Mulheres fortes, capazes, talentosas, inteligentes mas que deixam-se medir pela estima, pelo desejo que os homens têm por elas. São mulheres incríveis mas, que estão, como diz o filósofo Adorno, "capturadas pela lógica masculina", sequestradas em relações neuróticas e dependentes. Fui testemunha, algoz e vítima de situações semelhantes às que retrato em O Banquete. Venho de uma linhagem de mulheres que viveram às voltas com essas questões por muitas décadas. Mas posso dizer que muitas de nós estão aprendendo a viver fora desse círculo vicioso, e que ele já não é mais um círculo fechado. E o desaparecimento completo desse círculo me parece um caminho sem volta.
Drica Moraes entrega uma performance vigorosa no filme. Como foi o seu trabalho com ela e o restante elenco?
Acho que fizemos um belo trabalho de casting, acima de tudo. São atores excepcionais e inteiramente dispostos a enfrentar os desafios que o projeto impunha de cara. As vaidades foram logo abandonadas e os mergulhos nos personagens foram absolutos. Na minha proposta a eles, não havia descanso: foram filmados planos-sequência de no mínimo meia hora. Várias vezes por dia. Definimos que, mais importante do que a fala, seriam as reações dos personagens ao que está sendo dito. O processo de ensaio também foi muito rico, com a contribuição de todos na adequação dos diálogos, no exercício de lembrar de situações vividas ou presenciadas. Todos me ajudaram e se ajudaram muito, o tempo todo. Drica Moraes é uma sumidade. Desde que eu a vi, há décadas, fazendo um papel de má numa novela do Walter Avancini, a Xica da Silva, pus na cabeça que algum dia ia trabalhar com ela. O embate entre Drica, Mariana Lima e Fabiana Gugli é uma das grandes emoções da minha vida.
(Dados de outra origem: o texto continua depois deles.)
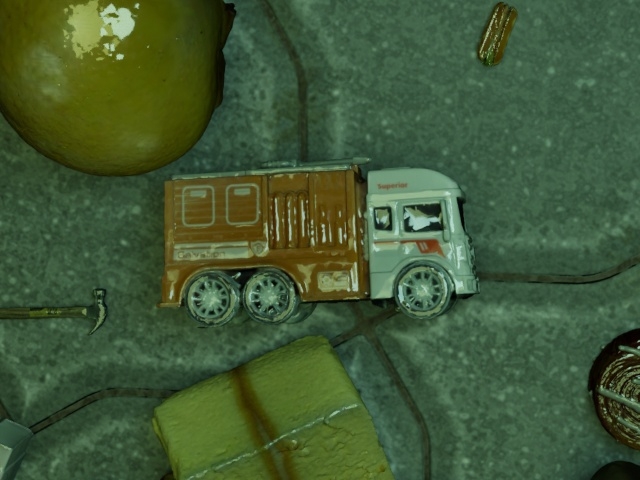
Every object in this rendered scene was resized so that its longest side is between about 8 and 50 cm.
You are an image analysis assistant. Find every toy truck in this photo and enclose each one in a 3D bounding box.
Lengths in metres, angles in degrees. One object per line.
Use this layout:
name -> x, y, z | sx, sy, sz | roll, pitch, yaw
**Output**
toy truck -> 0.000, 0.000, 1.597 | 0.388, 0.173, 0.206 | -3, 87, 8

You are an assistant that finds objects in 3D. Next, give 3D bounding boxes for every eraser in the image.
eraser -> -0.459, 0.355, 1.717 | 0.052, 0.095, 0.225 | 24, 98, 2

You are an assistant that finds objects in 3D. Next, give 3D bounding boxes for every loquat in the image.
loquat -> -0.279, -0.238, 1.515 | 0.360, 0.328, 0.328 | -6, 96, -8

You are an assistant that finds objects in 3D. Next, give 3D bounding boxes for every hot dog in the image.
hot dog -> 0.222, -0.259, 1.621 | 0.037, 0.021, 0.083 | 21, 95, -18

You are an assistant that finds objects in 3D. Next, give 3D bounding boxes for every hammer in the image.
hammer -> -0.373, 0.099, 1.721 | 0.182, 0.017, 0.062 | -3, 96, 7

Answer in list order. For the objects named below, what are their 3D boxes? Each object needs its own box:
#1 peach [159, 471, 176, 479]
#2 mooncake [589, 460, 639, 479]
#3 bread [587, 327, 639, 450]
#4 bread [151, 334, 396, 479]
peach -> -0.178, 0.337, 1.711 | 0.083, 0.050, 0.077 | -31, 106, 4
mooncake -> 0.417, 0.399, 1.543 | 0.284, 0.284, 0.155 | 34, 99, 1
bread -> 0.421, 0.188, 1.625 | 0.160, 0.073, 0.160 | 1, 96, 5
bread -> -0.056, 0.280, 1.666 | 0.263, 0.198, 0.236 | -24, 126, -1

Como o personagem Mauro foi construído? O que há nele da personalidade do Otávio Frias Filho?
O Mauro é o meu McGuffin, sabe aquele dispositivo dramatúrgico que o Hitchcock nos ensinou? Quando se necessita de uma trama para movimentar a ação, usa-se esse dispositivo. No caso do Banquete: uma carta-aberta ao presidente, uma ameaça de prisão. A figura pública de Otávio foi realmente uma das inspirações do personagem do Mauro, que eu precisava que fosse ao mesmo tempo um homem poderoso, um intelectual, mas que não fosse um macho alfa típico, daqueles que entram numa sala e alteram a química do lugar. Queria quase anti-herói: o intelectual tímido, de pouquíssimas palavras, escondido atrás dos óculos de aro grosso, e que é, no entanto, um dos homens mais poderosos do país. O oposto da figura do presidente da época. Mas nem por isso menos sedutor. Essa imagem foi importante para a construção do jeitão do meu personagem, mas as coincidências com a vida do verdadeiro Otávio acabaram aí para mim.
Como era a sua relação com Otávio Frias Filho?
Nos vimos algumas poucas vezes, em situações sociais, nos trinta anos que vivo em São Paulo. Não tivemos uma relação de amizade, mas eu o admirava e sei que ele gostava do meu trabalho. Não sei muita coisa sobre sua vida pessoal e não fiz pesquisa para criar situações que a refletissem.